As described above, when the alumina cement composition of the present invention is used, amorphous refractories having high fluidity, high strength development, corrosion resistance, spalling resistance and the like are excellent as compared with conventional ones. It has effects such as being obtained.

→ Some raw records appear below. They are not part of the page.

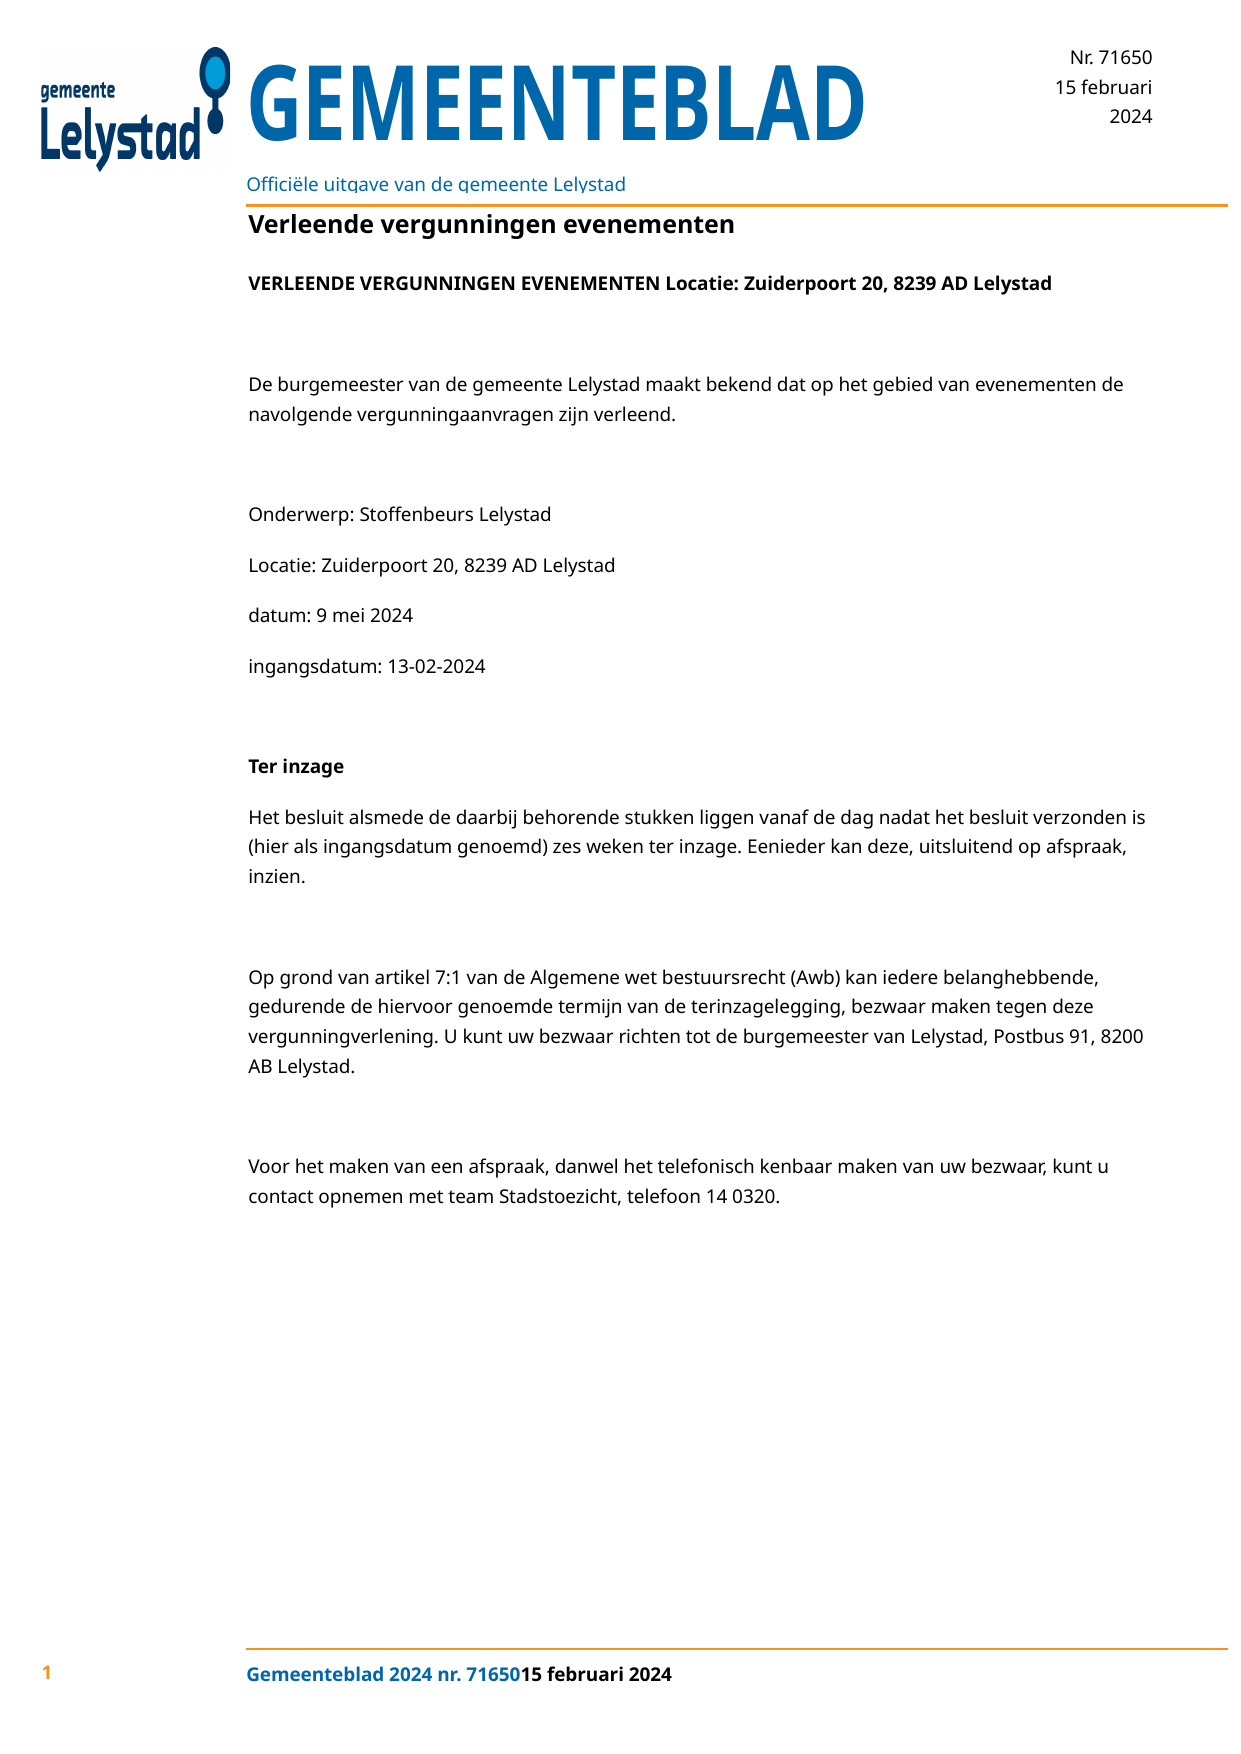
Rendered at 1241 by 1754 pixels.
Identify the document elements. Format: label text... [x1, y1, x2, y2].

text Onderwerp: Stoffenbeurs Lelystad [248, 502, 1152, 527]
text Locatie: Zuiderpoort 20, 8239 AD Lelystad [248, 552, 1152, 578]
text Ter inzage [248, 754, 1152, 779]
text Voor het maken van een afspraak, danwel het telefonisch kenbaar maken van uw bezwaar, kunt u contact opnemen met team Stadstoezicht, telefoon 14 0320. [248, 1154, 1152, 1209]
text De burgemeester van de gemeente Lelystad maakt bekend dat op het gebied van evenementen de navolgende vergunningaanvragen zijn verleend. [248, 371, 1152, 426]
text Op grond van artikel 7:1 van de Algemene wet bestuursrecht (Awb) kan iedere belanghebbende, gedurende de hiervoor genoemde termijn van de terinzagelegging, bezwaar maken tegen deze vergunningverlening. U kunt uw bezwaar richten tot de burgemeester van Lelystad, Postbus 91, 8200 AB Lelystad. [248, 964, 1152, 1078]
text datum: 9 mei 2024 [248, 602, 1152, 628]
picture [41, 47, 231, 172]
text ingangsdatum: 13-02-2024 [248, 653, 1152, 678]
text Het besluit alsmede de daarbij behorende stukken liggen vanaf de dag nadat het besluit verzonden is (hier als ingangsdatum genoemd) zes weken ter inzage. Eenieder kan deze, uitsluitend op afspraak, inzien. [248, 804, 1152, 889]
text VERLEENDE VERGUNNINGEN EVENEMENTEN Locatie: Zuiderpoort 20, 8239 AD Lelystad [248, 270, 1152, 296]
text Verleende vergunningen evenementen [248, 207, 1152, 241]
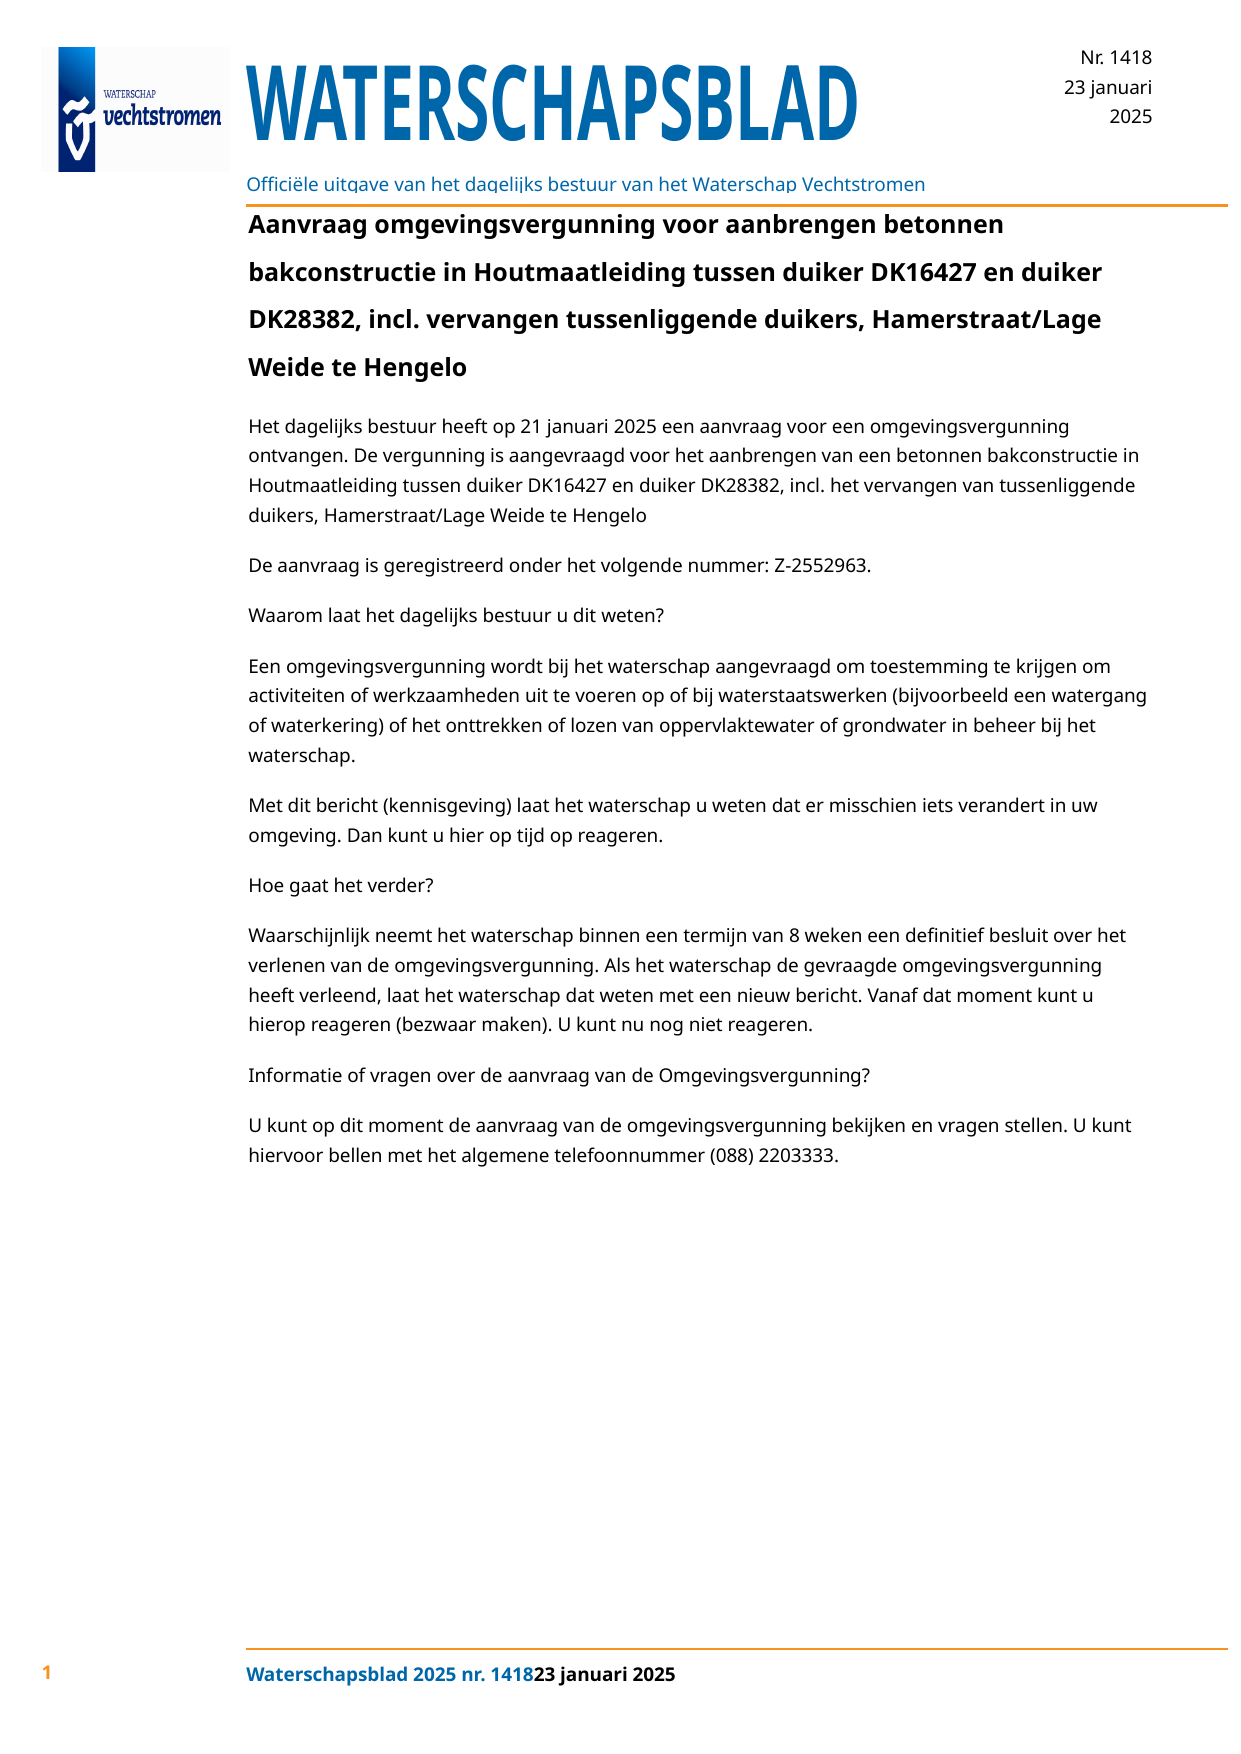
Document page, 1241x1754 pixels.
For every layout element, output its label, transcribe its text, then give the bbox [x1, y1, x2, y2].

text Informatie of vragen over de aanvraag van de Omgevingsvergunning? [248, 1062, 1152, 1088]
text Met dit bericht (kennisgeving) laat het waterschap u weten dat er misschien iets verandert in uw omgeving. Dan kunt u hier op tijd op reageren. [248, 792, 1152, 848]
picture [41, 47, 231, 172]
text Hoe gaat het verder? [248, 872, 1152, 898]
text Het dagelijks bestuur heeft op 21 januari 2025 een aanvraag voor een omgevingsvergunning ontvangen. De vergunning is aangevraagd voor het aanbrengen van een betonnen bakconstructie in Houtmaatleiding tussen duiker DK16427 en duiker DK28382, incl. het vervangen van tussenliggende duikers, Hamerstraat/Lage Weide te Hengelo [248, 413, 1152, 528]
text De aanvraag is geregistreerd onder het volgende nummer: Z-2552963. [248, 552, 1152, 578]
text Een omgevingsvergunning wordt bij het waterschap aangevraagd om toestemming te krijgen om activiteiten of werkzaamheden uit te voeren op of bij waterstaatswerken (bijvoorbeeld een watergang of waterkering) of het onttrekken of lozen van oppervlaktewater of grondwater in beheer bij het waterschap. [248, 653, 1152, 768]
text Aanvraag omgevingsvergunning voor aanbrengen betonnen bakconstructie in Houtmaatleiding tussen duiker DK16427 en duiker DK28382, incl. vervangen tussenliggende duikers, Hamerstraat/Lage Weide te Hengelo [248, 207, 1152, 384]
text Waarom laat het dagelijks bestuur u dit weten? [248, 603, 1152, 628]
text U kunt op dit moment de aanvraag van de omgevingsvergunning bekijken en vragen stellen. U kunt hiervoor bellen met het algemene telefoonnummer (088) 2203333. [248, 1112, 1152, 1168]
text Waarschijnlijk neemt het waterschap binnen een termijn van 8 weken een definitief besluit over het verlenen van de omgevingsvergunning. Als het waterschap de gevraagde omgevingsvergunning heeft verleend, laat het waterschap dat weten met een nieuw bericht. Vanaf dat moment kunt u hierop reageren (bezwaar maken). U kunt nu nog niet reageren. [248, 923, 1152, 1037]

──────────────────────────────────────────────────続 き Continued on the front page (58) Field surveyed (Int. Cl. ⁷ , DB name) C04B 7/32 C04B 22/08 C04B 28/06

Claims (3)

(57) [Claims] 1. A mineral composition is CaO · Al ₂ O ₃ and CaO · 2Al ₂ O _3, the chemical components CaO25~33 wt%, Al ₂ O ₃ 75~67 wt%
And 100 parts by weight of the clinker
An alumina cement composition comprising 0.1 to 1 part by weight of 12CaO · 7Al ₂ O ₃ -containing calcium aluminate. 2. A mineral composition is CaO · Al ₂ O ₃ and CaO · 2Al ₂ O _3, the chemical components CaO25~33 wt%, Al ₂ O ₃ from 75 to 67 wt%
Clinker, α-Al ₂ O ₃ , the clinker and α-A
100 parts by weight of the total of l ₂ O _3, 12CaO · 0.1 to 1 parts by weight
An alumina cement composition containing 7Al ₂ O ₃ -containing calcium aluminate. 3. An amorphous refractory comprising the alumina cement composition according to claim 1 and a refractory aggregate.